═══ DATA PROVIDED
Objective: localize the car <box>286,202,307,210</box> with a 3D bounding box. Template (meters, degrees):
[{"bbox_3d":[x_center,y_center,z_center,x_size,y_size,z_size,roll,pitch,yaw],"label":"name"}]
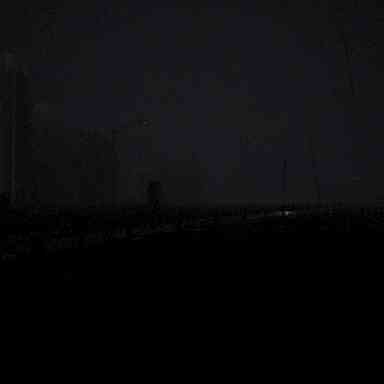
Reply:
[{"bbox_3d":[15.295,2.096,49.148,1.895,1.301,4.718,1,0,36],"label":"car"}]
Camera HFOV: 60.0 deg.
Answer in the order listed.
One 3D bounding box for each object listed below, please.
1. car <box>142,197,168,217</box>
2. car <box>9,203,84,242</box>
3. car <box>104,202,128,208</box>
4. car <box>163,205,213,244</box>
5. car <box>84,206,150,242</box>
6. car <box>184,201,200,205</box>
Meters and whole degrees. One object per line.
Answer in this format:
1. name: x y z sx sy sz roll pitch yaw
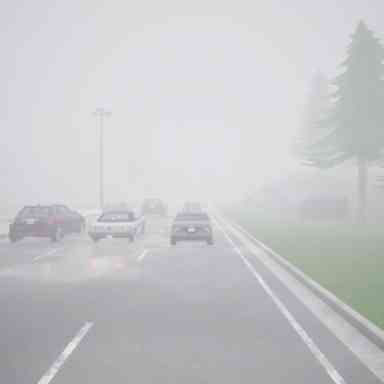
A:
══════
**EXERCISE DETAILS**
Wherever a line in the data above holds "bounding", copy that line.

**REPLY TO THE TASK**
Objective: localize the car <box>286,202,307,210</box> with a 3D bounding box. Template (meters, degrees):
One 3D bounding box for each object listed below, please.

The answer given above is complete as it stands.